Previously based on Charlton Park every year since the second year (2008) the UK festival was held there, the official festival radio station is broadcast on a temporary FM licence (usually on 87.7FM) just prior to the festival opening its gates to the public and broadcasts 24 hours a day every day until late Monday after the public gates have closed. Each year the station hosts several exclusive live sessions and interviews from artists playing at the festival across the weekend. The FM signal reaches about ten miles away from the festival site, and broadcasts can be heard online via Mixcloud. In 2026 the station also began to broadcast to the local area via DAB.
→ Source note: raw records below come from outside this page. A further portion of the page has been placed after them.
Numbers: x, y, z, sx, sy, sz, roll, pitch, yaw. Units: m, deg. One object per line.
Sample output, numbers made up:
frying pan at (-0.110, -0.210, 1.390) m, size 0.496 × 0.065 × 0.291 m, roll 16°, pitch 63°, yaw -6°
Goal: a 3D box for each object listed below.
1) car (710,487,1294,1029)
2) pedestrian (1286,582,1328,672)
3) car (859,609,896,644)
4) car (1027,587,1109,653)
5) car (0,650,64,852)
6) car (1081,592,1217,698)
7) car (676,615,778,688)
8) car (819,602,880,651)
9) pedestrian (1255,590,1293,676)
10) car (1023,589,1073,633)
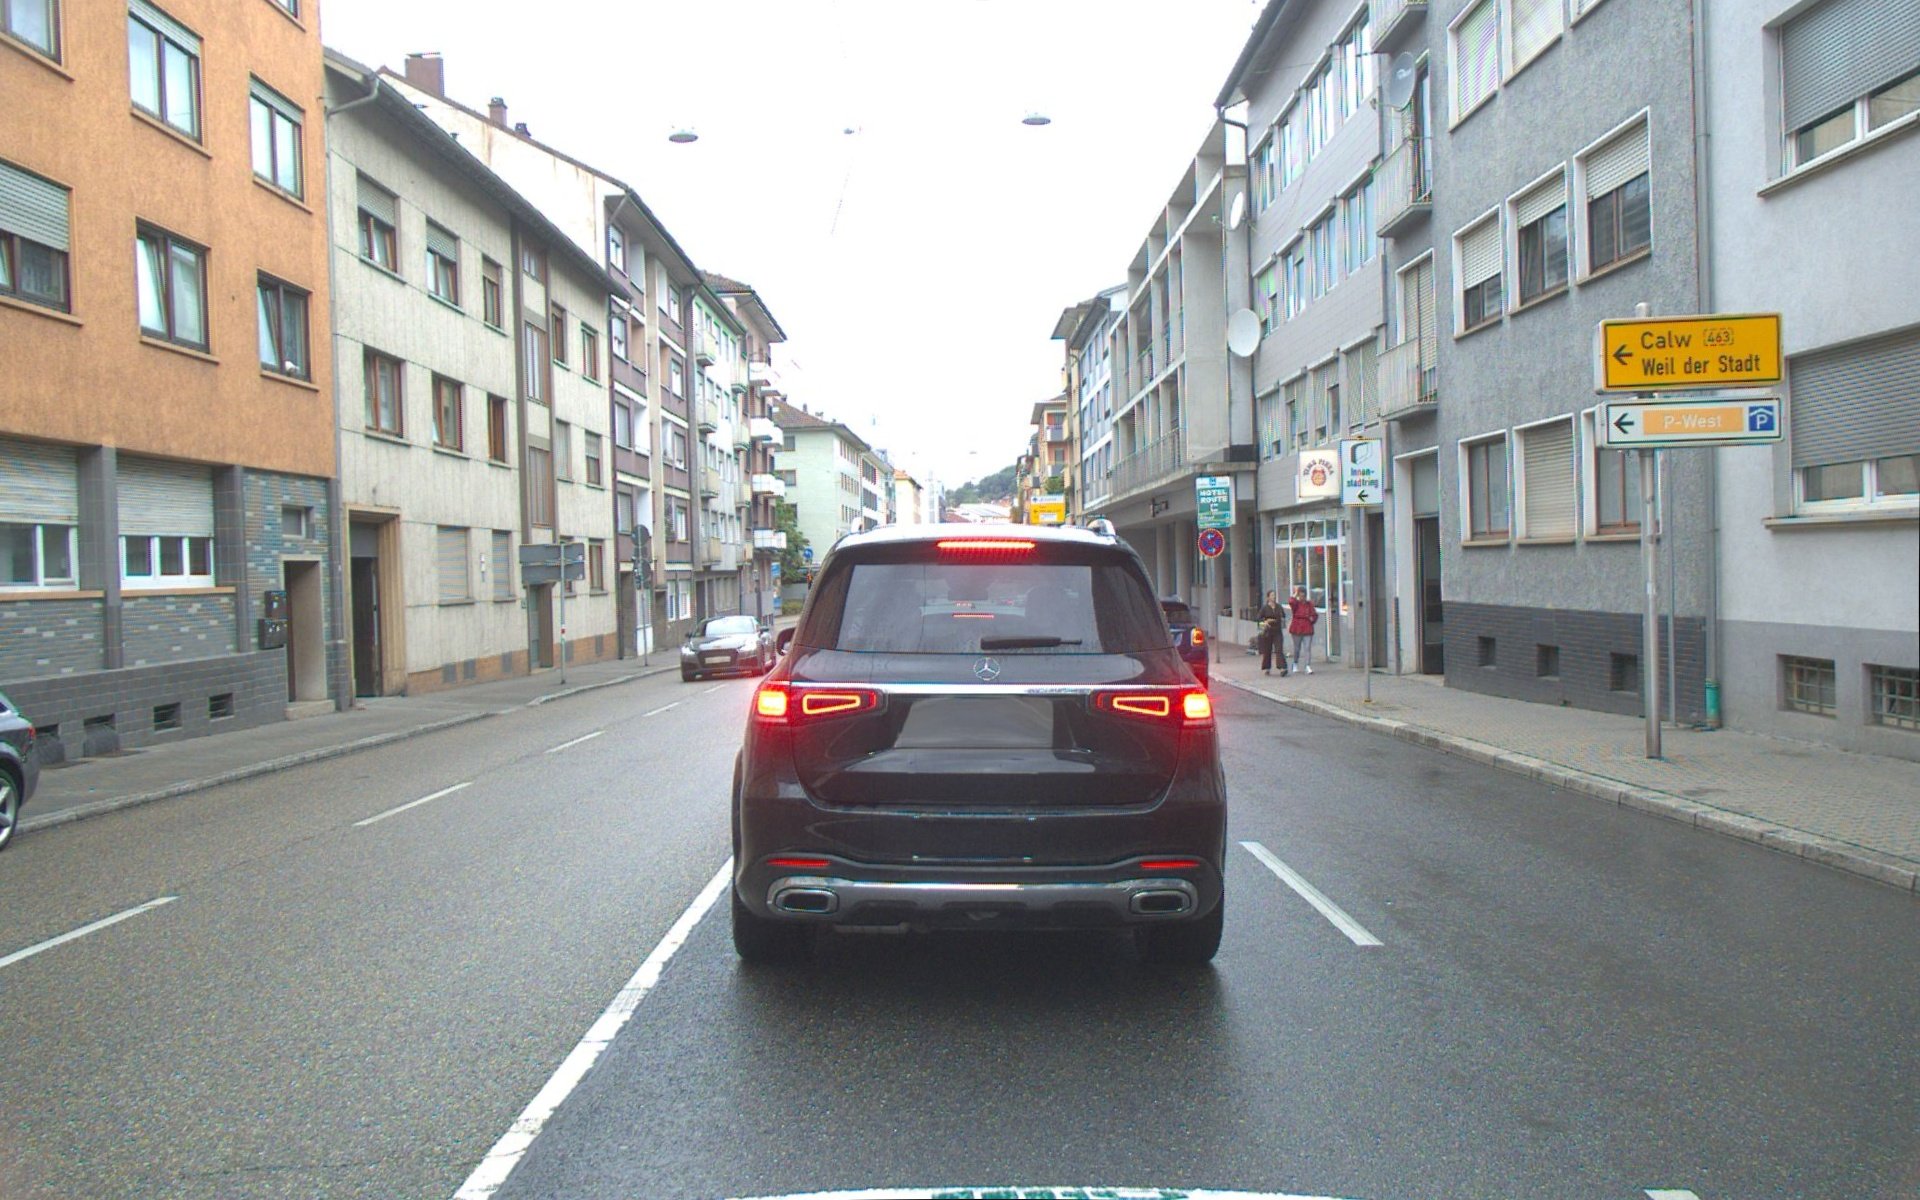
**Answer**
car at (0.106, 0.546, 7.707) m, size 1.984 × 1.837 × 3.999 m, roll 1°, pitch 0°, yaw -1°
pedestrian at (6.373, 0.493, 30.408) m, size 0.549 × 1.606 × 0.526 m, roll -4°, pitch 0°, yaw -2°
car at (-4.231, 1.331, 85.235) m, size 1.698 × 1.602 × 4.010 m, roll -5°, pitch 0°, yaw -1°
car at (3.078, 0.550, 48.008) m, size 1.901 × 1.806 × 4.744 m, roll 0°, pitch 0°, yaw -2°
car at (-7.967, 1.124, 10.869) m, size 1.759 × 1.463 × 4.525 m, roll 1°, pitch 0°, yaw -1°
car at (3.034, 0.689, 27.285) m, size 1.731 × 1.608 × 3.999 m, roll 0°, pitch 0°, yaw -1°
car at (-5.229, 1.120, 37.531) m, size 1.732 × 1.369 × 3.887 m, roll -5°, pitch 0°, yaw -1°
car at (-3.523, 0.816, 53.491) m, size 1.690 × 1.414 × 4.338 m, roll -3°, pitch 0°, yaw -1°
pedestrian at (5.783, 0.602, 30.463) m, size 0.496 × 1.526 × 0.562 m, roll -4°, pitch 0°, yaw -2°
car at (3.378, 0.420, 63.874) m, size 1.771 × 1.634 × 4.212 m, roll 0°, pitch 0°, yaw 1°

During the forced cancellations of the festival in 2020 and 2021, the radio station was set up to broadcast remotely from several of the presenter's homes across the UK and was broadcast live via Mixcloud where listeners could interact with other listeners and the presenters for the "WOMAD at home" events. The shows showcased several highlights of previous live sessions from their archives. There was also a special live Christmas show in 2021 and two special live announcement shows in early 2022, to tie in with the line-up announcement from the festival, broadcast from station manager Steve Satan's kitchen.